Set the records down again in full, exactly as they are, apart from the images.

══ Source data

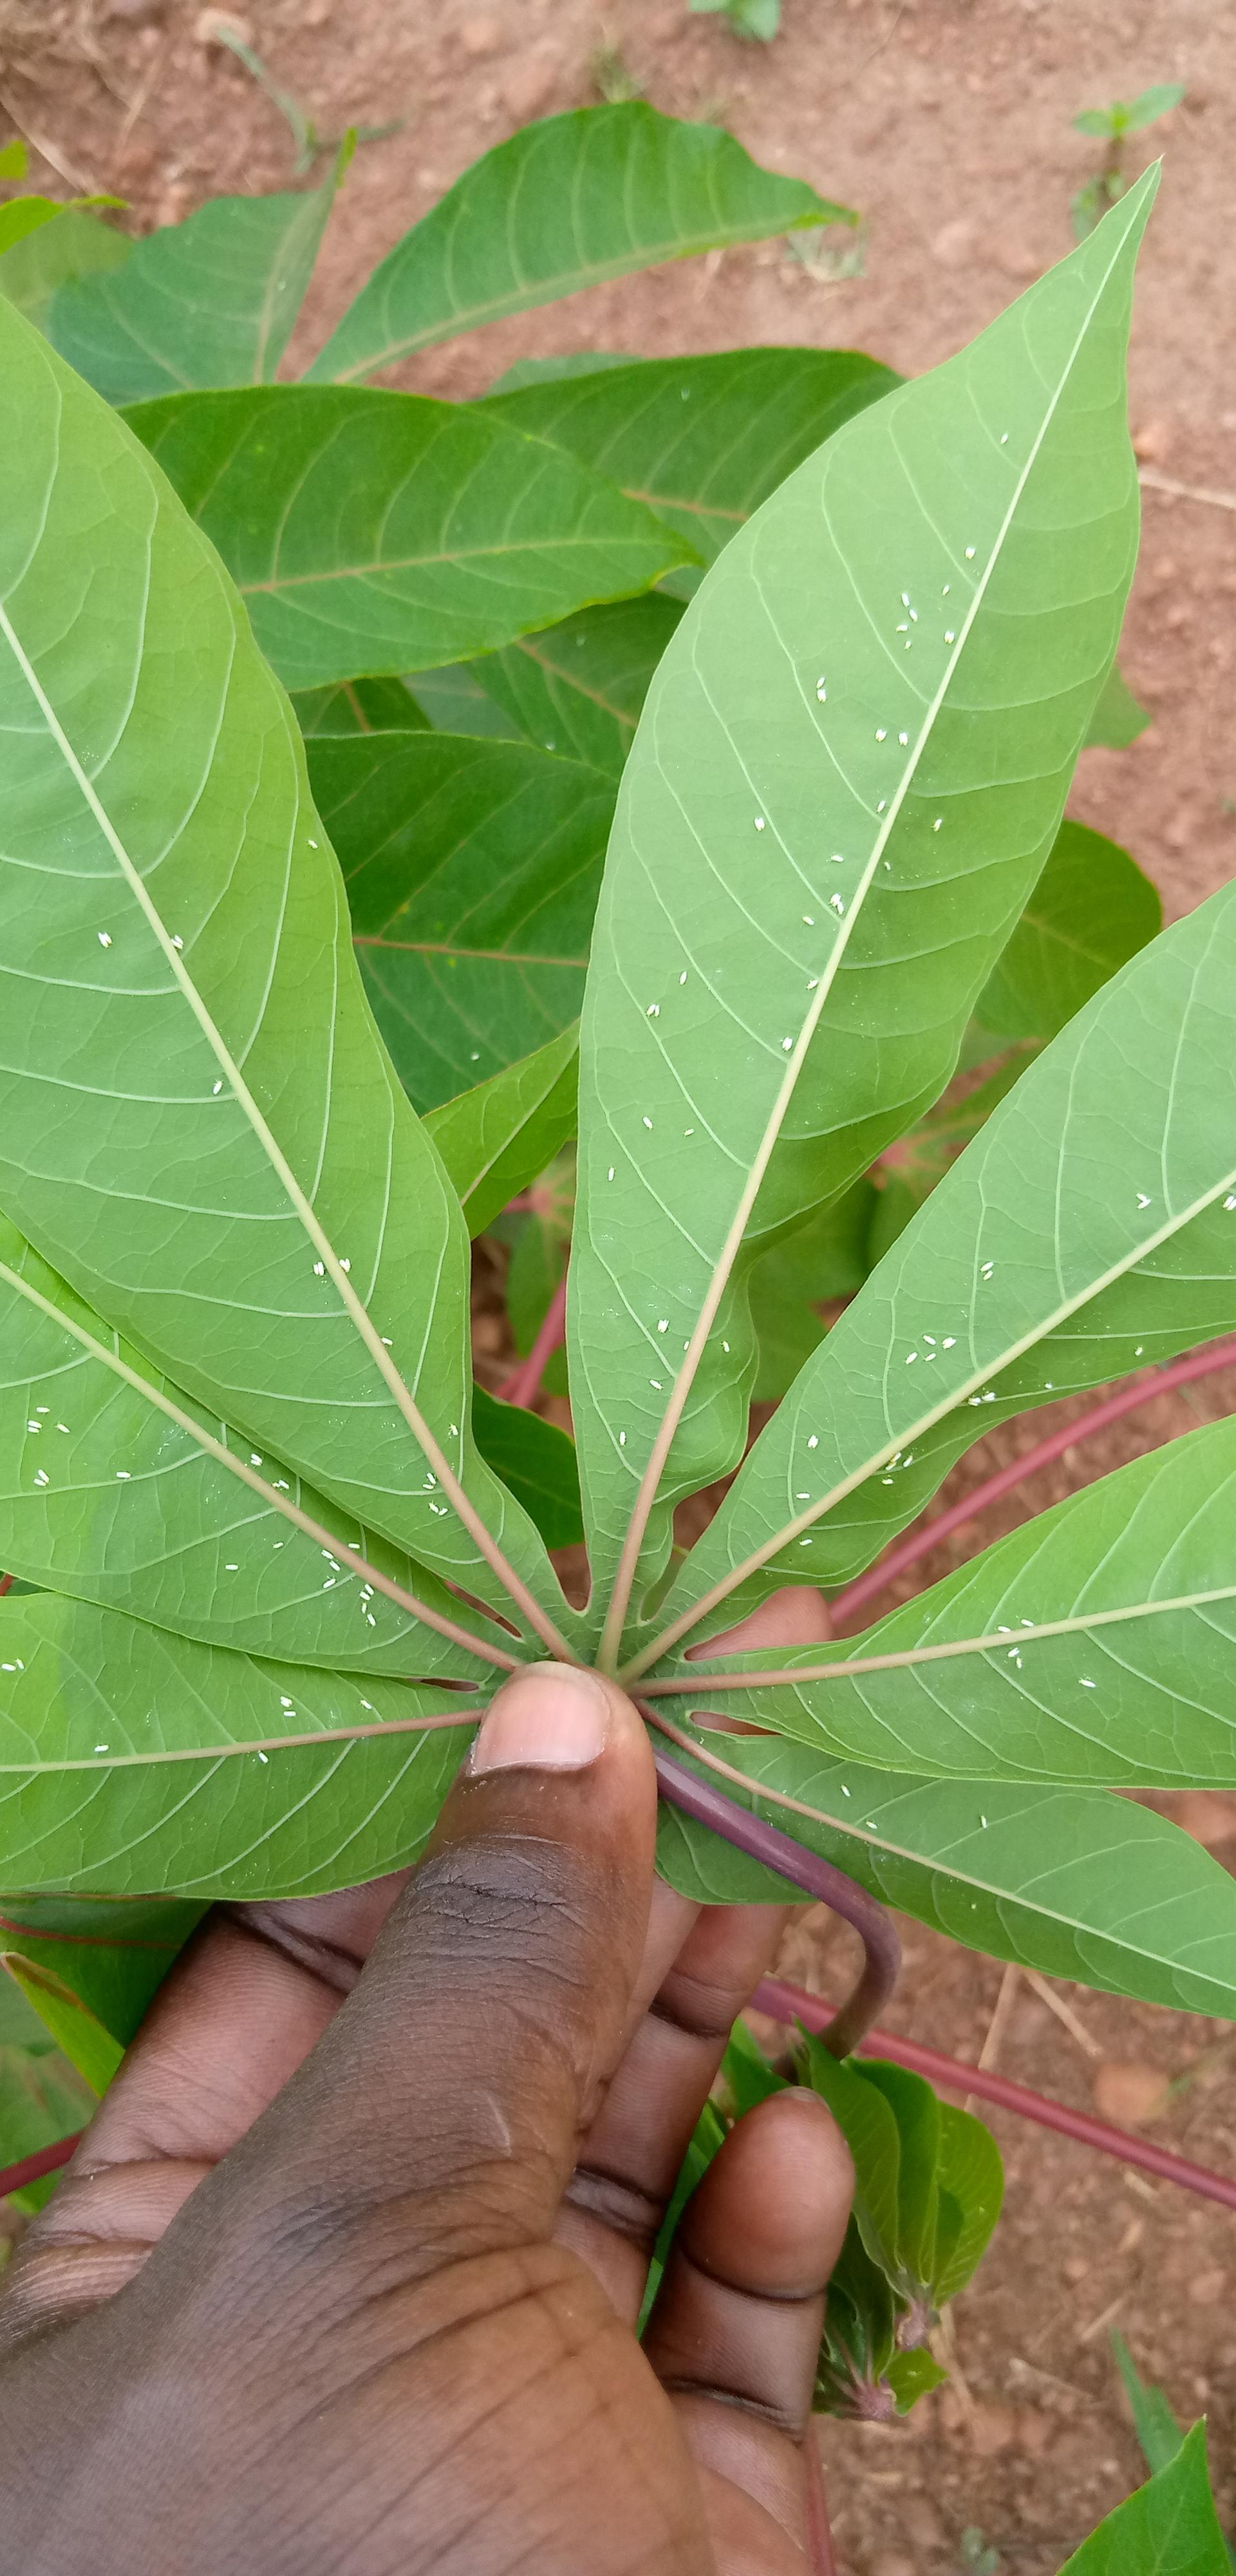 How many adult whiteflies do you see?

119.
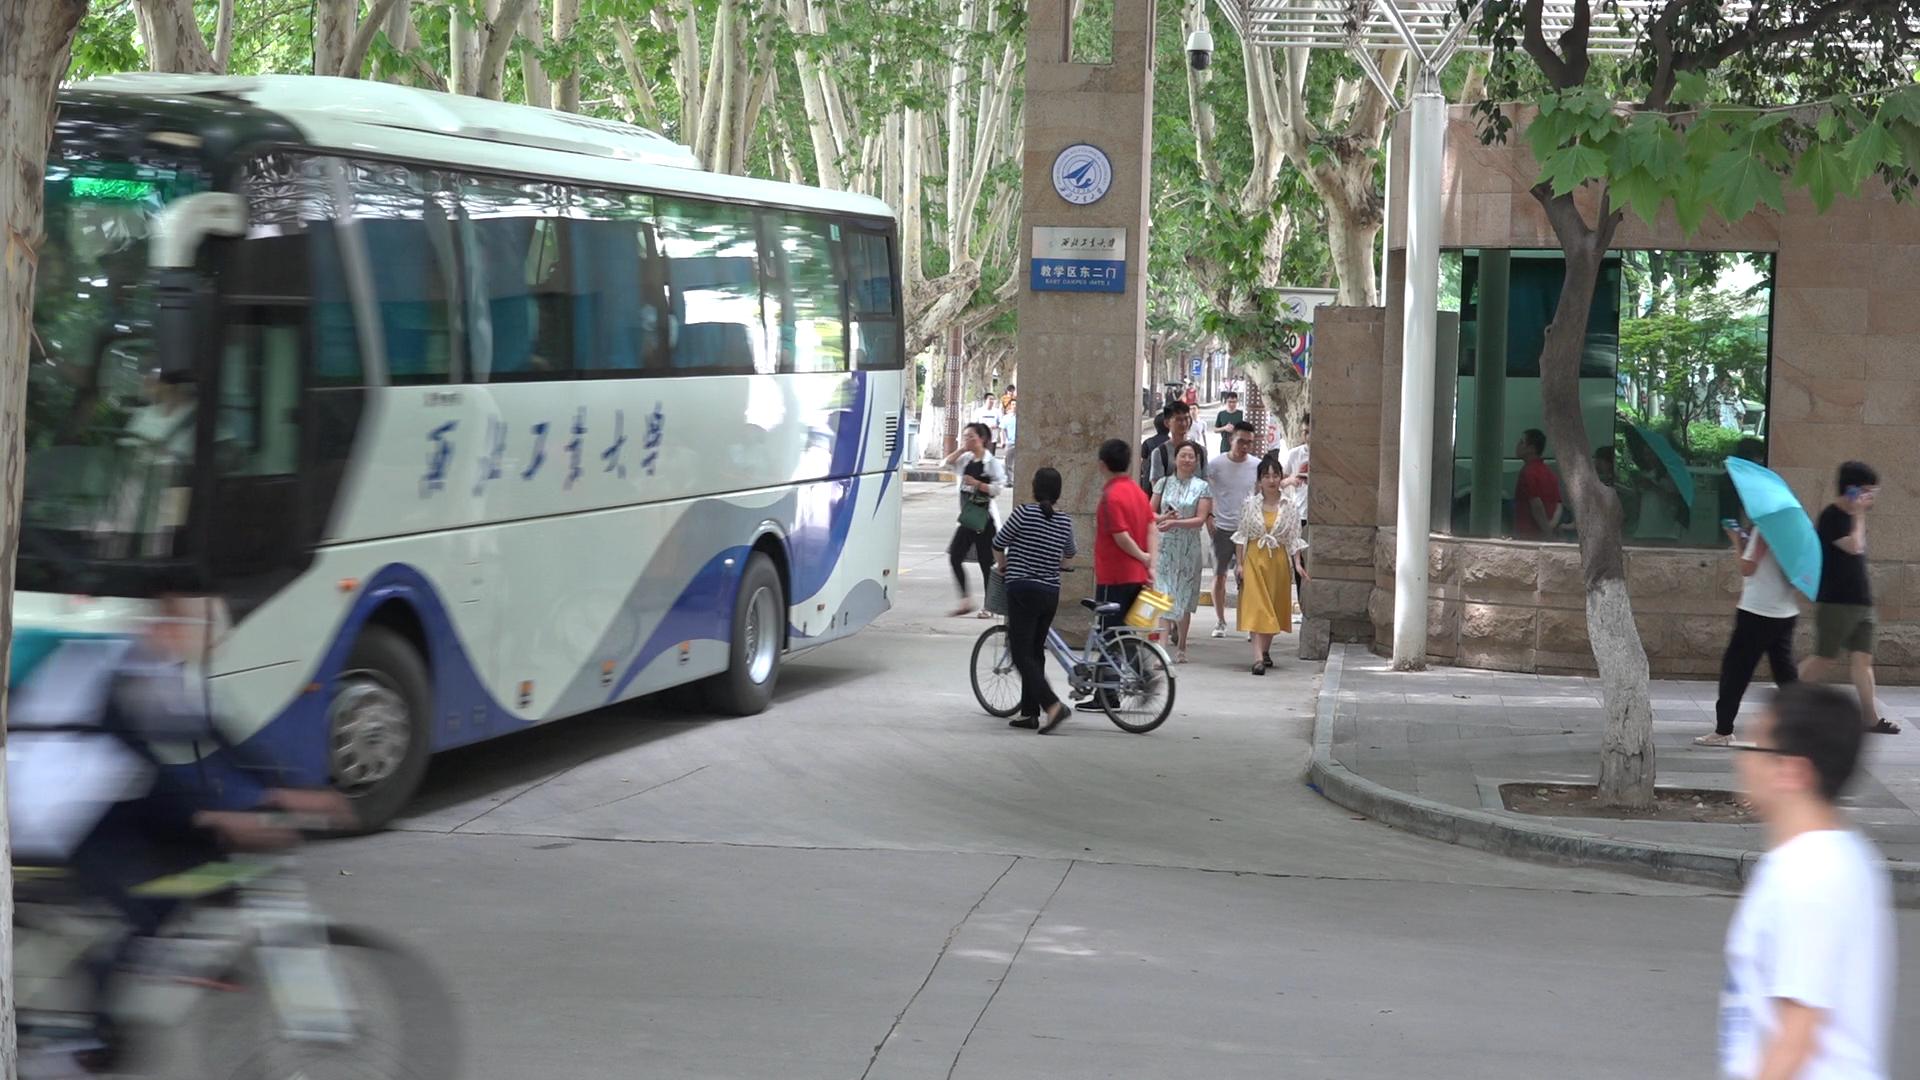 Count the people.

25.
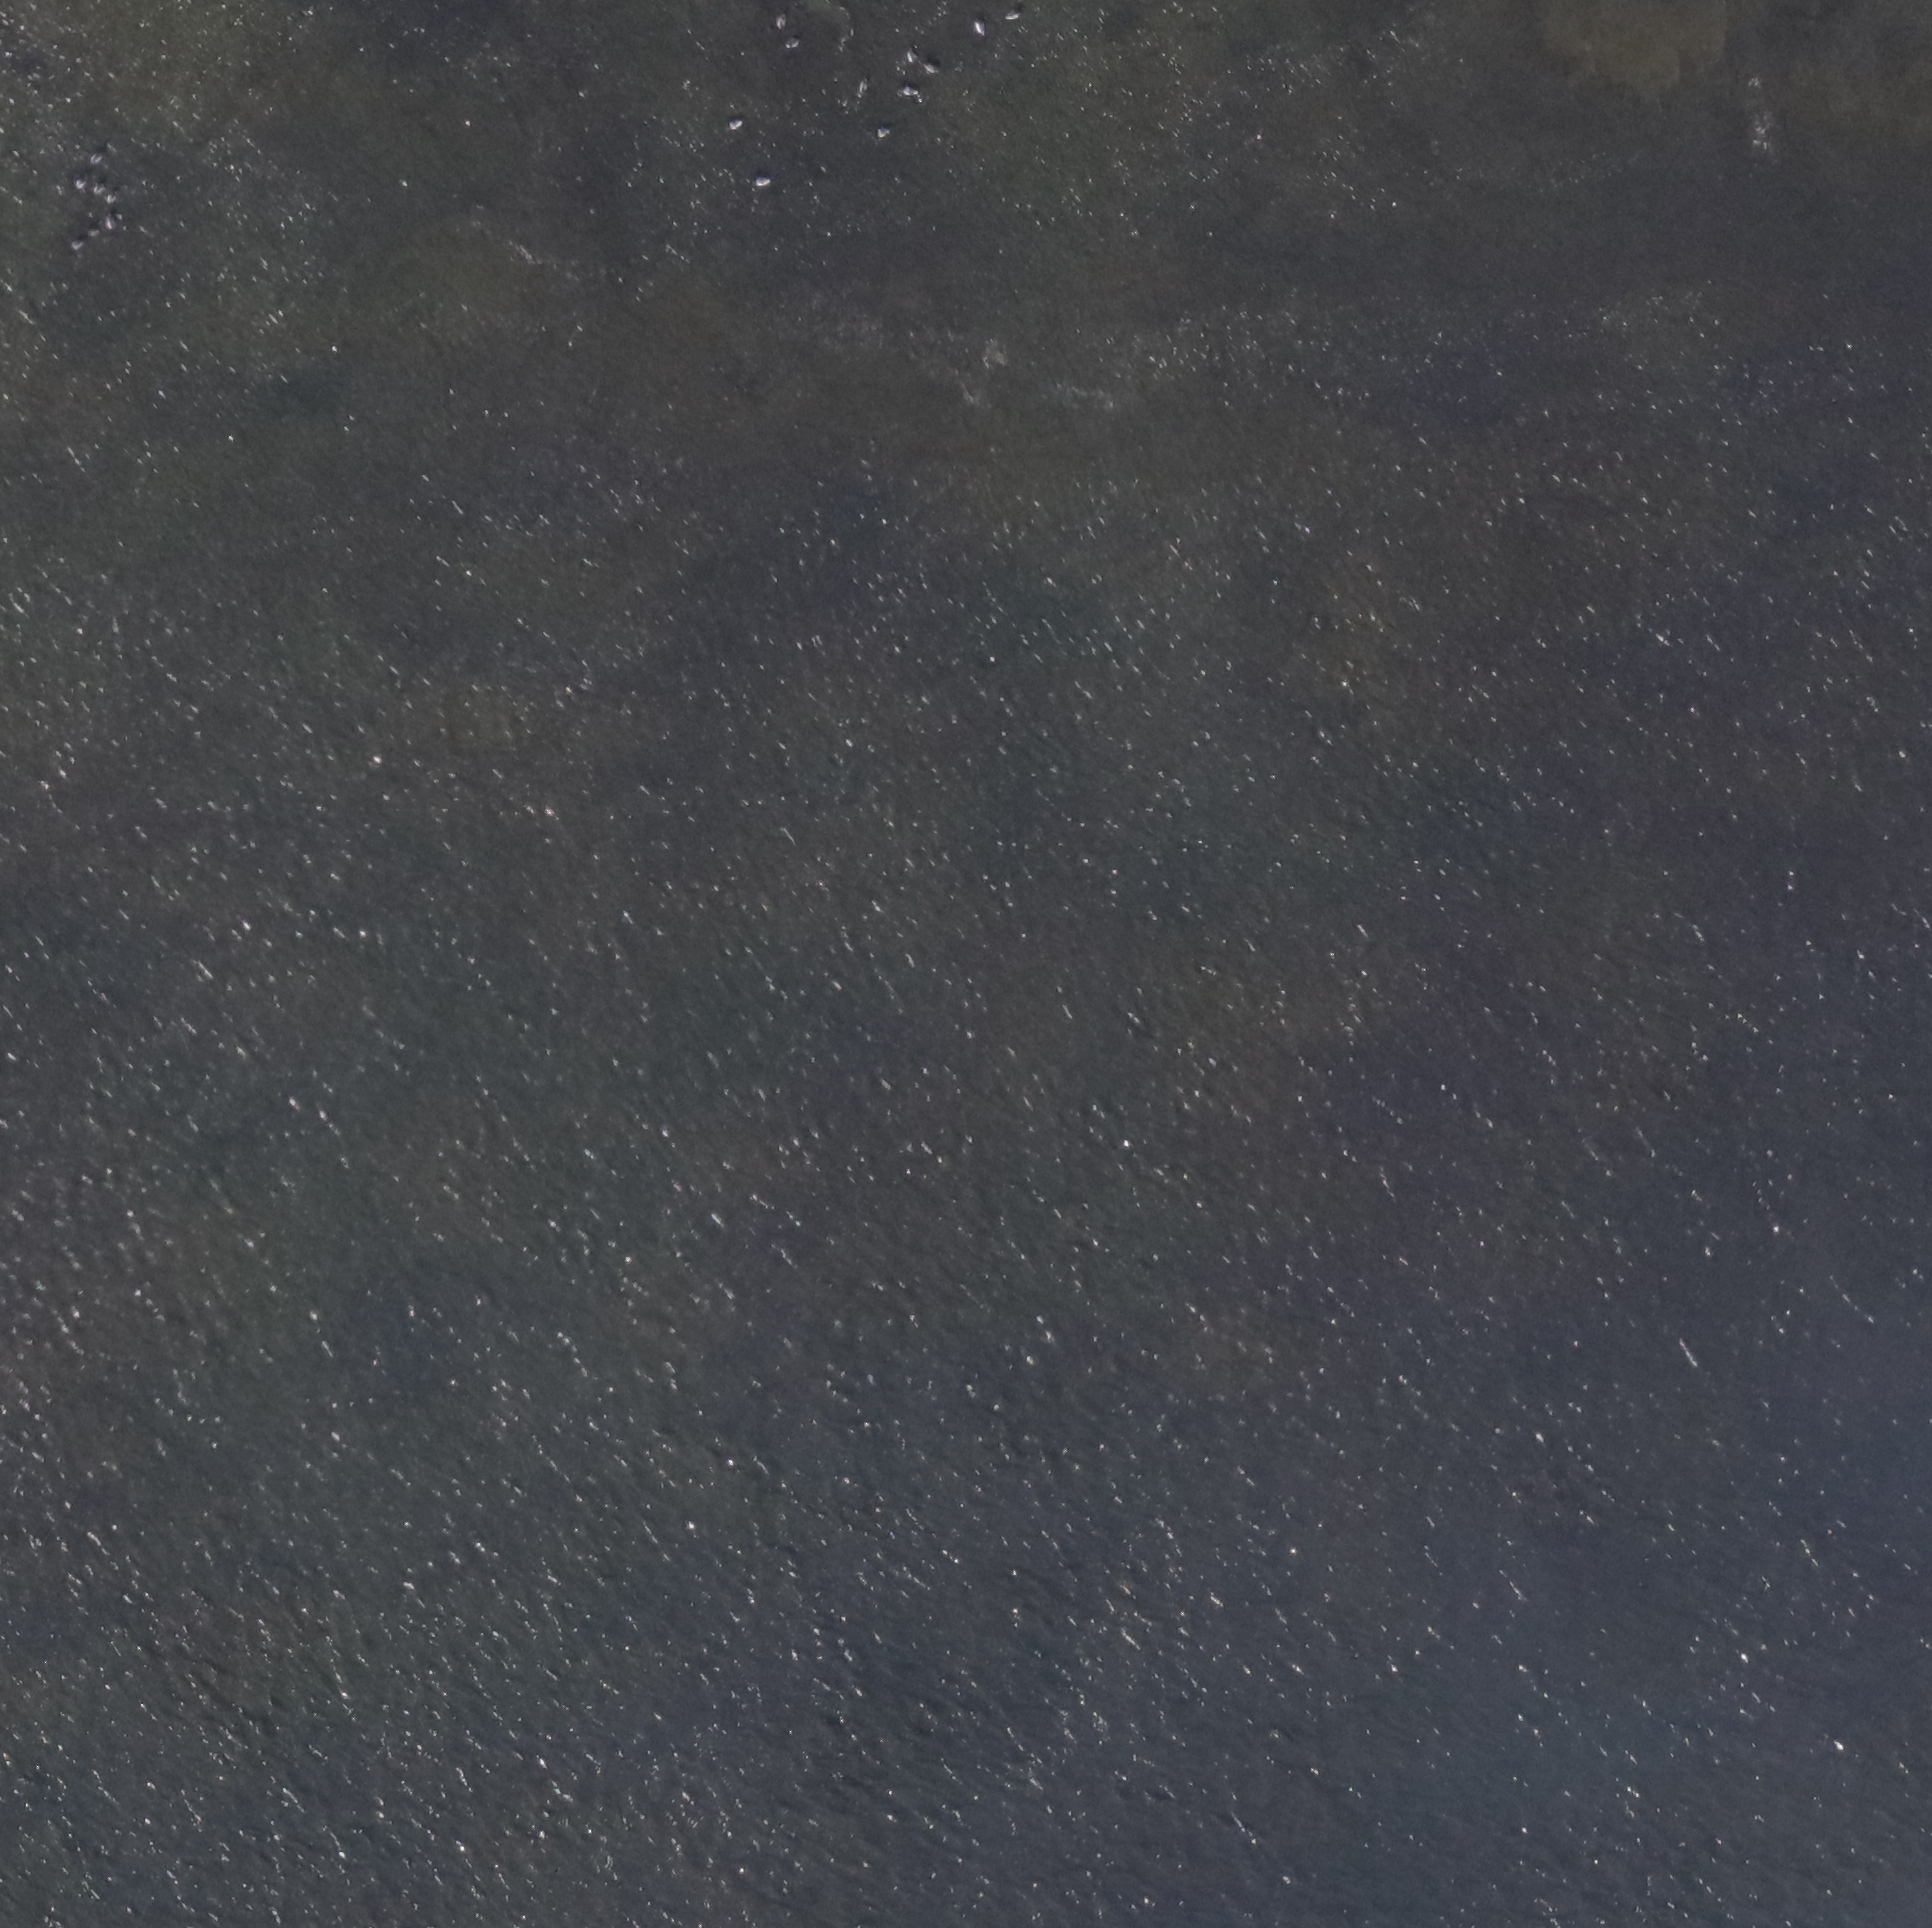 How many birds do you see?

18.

════

▶ Solution for this exercise:
 How many adult whiteflies do you see?

119.
 Count the people.

25.
 How many birds do you see?

18.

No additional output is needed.